I’m not sad—not at all. Scared, yes. Scared about how completely he’s nestled beneath my skin, and by how quickly he’s done it. But I’m not sad. Any lingering hurt from Ben’s visit was gone soon after Jake took me to bed.

As my thoughts drift and meander, so does the piece, and I skip over some sections and repeat others. Mainly, it flows in an almost hypnotic continuum, and soon, my mind quiets and settles—although he never leaves it entirely. What secrets could undo what I feel for him? It frightens me to think of them, and so I don’t. I focus on the music instead. I remember what he did to my body instead. The sounds of his pleasure as he fucked me into the bed. A small, desperate moan escapes my lips.

Finally, my fingers slow to a natural stop.

When I sense movement behind me, I whip around to see he’s standing at the top of the stairs. He’s pulled his boxers on, but they’re tight and do nothing to quell the rush of lust that hits me at the sight of him there.

“Sorry. I didn’t mean to wake you up.”

“How come I had no fucking idea you could do that?”

“It’s never come up.” I shrug slightly, smiling. “How long have you been standing there?”

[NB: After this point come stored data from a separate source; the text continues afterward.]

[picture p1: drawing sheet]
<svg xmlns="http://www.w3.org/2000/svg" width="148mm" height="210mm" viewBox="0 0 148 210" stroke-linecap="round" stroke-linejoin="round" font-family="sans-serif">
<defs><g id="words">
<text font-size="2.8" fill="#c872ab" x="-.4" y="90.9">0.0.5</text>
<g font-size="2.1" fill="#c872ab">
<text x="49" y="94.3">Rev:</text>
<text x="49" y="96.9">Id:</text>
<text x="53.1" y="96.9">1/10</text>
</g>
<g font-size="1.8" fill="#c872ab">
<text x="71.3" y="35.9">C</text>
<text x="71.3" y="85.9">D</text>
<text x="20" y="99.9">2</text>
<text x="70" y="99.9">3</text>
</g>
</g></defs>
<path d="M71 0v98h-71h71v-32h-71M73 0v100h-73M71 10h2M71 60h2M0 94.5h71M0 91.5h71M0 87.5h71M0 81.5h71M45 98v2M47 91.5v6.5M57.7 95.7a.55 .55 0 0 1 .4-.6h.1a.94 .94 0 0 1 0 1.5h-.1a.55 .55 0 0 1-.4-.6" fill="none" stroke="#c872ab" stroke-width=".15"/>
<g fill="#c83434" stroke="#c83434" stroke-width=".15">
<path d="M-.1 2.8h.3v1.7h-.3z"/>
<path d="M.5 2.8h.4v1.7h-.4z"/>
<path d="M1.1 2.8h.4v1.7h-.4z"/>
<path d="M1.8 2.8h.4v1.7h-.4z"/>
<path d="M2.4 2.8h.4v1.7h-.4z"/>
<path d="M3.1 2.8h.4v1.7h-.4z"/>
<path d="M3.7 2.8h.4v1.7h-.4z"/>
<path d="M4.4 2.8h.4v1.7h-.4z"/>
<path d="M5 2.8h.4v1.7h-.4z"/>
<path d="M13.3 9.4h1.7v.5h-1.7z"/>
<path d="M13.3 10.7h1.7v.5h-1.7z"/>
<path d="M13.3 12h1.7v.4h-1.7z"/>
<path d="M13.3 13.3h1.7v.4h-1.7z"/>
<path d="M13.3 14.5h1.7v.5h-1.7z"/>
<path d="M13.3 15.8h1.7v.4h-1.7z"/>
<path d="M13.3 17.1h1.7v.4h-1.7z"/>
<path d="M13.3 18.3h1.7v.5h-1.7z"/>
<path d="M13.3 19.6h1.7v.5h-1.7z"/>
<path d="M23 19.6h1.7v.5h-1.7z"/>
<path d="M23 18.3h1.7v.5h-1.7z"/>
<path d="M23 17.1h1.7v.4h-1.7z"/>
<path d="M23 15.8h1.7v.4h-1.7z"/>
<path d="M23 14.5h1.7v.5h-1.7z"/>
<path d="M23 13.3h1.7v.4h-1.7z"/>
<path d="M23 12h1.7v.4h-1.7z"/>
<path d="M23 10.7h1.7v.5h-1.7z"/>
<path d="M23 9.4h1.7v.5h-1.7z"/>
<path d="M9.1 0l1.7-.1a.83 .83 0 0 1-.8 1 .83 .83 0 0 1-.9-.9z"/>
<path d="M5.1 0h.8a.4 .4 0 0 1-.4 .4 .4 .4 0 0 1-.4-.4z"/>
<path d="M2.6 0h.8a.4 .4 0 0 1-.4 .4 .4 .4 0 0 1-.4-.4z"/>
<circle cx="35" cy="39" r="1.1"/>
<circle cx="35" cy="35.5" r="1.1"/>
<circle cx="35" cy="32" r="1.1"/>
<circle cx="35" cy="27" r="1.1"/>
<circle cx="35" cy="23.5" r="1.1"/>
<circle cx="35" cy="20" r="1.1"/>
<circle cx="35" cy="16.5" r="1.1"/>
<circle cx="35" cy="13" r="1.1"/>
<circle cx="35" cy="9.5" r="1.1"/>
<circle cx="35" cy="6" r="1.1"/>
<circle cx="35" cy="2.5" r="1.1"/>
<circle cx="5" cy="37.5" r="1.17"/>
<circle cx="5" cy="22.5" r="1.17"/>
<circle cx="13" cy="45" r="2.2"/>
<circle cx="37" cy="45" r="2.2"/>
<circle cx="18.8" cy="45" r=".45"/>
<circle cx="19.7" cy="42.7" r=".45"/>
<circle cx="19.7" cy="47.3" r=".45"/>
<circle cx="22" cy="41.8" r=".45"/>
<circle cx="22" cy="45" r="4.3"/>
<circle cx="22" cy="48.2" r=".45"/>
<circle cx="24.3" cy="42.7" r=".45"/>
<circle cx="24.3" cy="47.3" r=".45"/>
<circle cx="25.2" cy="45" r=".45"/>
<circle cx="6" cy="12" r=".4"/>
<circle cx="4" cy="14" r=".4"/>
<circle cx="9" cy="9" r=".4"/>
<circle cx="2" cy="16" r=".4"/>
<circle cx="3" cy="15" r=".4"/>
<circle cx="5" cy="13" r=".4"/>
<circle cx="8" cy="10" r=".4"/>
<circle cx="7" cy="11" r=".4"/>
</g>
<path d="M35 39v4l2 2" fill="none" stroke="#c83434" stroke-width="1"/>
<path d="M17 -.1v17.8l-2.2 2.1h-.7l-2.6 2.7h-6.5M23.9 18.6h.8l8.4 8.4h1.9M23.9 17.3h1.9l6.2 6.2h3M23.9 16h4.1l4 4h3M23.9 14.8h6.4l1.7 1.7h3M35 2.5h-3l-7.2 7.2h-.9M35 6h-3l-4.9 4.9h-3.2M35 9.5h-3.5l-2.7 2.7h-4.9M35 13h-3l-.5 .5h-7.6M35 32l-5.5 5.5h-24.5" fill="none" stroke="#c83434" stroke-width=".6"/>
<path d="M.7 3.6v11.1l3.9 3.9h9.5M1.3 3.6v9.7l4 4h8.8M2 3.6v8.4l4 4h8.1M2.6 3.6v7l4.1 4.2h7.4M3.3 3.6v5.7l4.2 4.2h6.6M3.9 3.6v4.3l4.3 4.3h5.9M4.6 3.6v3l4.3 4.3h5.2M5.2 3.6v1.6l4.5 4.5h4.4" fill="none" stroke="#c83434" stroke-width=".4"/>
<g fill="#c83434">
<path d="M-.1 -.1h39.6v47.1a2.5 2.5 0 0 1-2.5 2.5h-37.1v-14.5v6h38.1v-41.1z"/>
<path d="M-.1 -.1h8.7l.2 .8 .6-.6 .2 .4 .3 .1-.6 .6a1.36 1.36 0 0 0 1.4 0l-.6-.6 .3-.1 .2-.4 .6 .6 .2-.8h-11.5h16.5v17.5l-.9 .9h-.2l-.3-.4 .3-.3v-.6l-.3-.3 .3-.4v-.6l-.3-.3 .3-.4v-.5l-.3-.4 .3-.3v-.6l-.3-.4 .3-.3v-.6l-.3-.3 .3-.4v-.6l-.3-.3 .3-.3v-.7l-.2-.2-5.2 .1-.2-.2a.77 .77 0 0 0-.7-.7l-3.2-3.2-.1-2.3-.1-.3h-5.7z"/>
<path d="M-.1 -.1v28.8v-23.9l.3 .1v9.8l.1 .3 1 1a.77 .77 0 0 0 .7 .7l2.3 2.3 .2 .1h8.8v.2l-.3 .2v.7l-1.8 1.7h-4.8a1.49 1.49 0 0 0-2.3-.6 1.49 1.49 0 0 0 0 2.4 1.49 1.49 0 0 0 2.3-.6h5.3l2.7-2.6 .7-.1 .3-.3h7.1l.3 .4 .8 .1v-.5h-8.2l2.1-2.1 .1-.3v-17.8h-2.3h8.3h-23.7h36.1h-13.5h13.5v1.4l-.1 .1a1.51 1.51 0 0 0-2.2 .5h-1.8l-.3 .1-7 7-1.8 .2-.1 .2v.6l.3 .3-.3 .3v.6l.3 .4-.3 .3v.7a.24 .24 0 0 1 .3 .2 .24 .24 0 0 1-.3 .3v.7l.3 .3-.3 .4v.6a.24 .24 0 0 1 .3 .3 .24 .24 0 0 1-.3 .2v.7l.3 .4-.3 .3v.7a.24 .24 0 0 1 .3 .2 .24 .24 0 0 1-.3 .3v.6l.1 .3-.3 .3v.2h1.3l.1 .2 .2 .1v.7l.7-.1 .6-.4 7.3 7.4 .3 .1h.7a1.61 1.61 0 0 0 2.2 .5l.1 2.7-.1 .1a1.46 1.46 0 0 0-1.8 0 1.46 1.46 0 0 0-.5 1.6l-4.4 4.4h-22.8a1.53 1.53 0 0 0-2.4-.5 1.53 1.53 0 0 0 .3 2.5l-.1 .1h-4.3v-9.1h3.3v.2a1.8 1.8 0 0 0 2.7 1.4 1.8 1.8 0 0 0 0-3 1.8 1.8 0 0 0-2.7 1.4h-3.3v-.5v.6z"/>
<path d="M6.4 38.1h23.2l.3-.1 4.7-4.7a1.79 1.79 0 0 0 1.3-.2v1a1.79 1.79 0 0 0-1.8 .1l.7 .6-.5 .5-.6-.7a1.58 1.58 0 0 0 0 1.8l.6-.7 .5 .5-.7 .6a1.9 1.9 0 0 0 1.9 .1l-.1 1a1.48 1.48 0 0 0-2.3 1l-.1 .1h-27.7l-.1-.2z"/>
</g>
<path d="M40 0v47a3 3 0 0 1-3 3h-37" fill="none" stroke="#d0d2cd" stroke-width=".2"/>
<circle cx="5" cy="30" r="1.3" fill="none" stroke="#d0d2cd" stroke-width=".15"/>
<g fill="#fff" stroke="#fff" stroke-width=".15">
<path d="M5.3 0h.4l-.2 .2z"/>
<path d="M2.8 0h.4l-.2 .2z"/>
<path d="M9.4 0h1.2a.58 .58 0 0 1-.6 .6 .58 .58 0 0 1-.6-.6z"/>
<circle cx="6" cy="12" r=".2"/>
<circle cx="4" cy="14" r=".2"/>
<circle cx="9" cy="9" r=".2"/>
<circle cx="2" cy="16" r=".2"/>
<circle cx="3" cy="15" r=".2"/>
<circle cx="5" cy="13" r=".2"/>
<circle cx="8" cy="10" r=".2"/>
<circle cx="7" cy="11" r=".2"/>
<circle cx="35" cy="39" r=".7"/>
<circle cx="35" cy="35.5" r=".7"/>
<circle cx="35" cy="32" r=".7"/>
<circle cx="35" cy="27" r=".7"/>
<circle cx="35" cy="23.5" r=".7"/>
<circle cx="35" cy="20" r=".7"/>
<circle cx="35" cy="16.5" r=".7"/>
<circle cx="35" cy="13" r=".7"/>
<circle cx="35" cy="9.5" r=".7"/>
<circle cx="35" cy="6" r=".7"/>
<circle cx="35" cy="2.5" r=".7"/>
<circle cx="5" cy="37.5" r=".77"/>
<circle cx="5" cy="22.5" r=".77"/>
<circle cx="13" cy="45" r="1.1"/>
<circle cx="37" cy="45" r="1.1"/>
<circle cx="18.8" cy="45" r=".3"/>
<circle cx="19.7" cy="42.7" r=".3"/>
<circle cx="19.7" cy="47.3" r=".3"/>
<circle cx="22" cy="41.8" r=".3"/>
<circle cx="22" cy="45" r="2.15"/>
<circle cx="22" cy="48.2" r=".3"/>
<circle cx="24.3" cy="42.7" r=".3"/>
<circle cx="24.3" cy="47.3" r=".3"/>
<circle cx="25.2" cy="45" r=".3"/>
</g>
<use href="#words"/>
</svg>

“Long enough to know you have very talented hands. But I suppose I knew that already.” He comes toward me. The moonlight illuminates him a little more as he moves across the attic room, and I almost gasp out loud at how gorgeous he looks. Sleepy and more than a little aroused. He’s breathtaking, but there’s a danger to his beauty, I’ve always thought. It heightens it, turns it into something else—something darker and more intoxicating.

When he stops behind me, I lean back against him with a sigh. A second later, I feel his mouth at my neck.

“What was that?” he asks. “Sounded familiar.”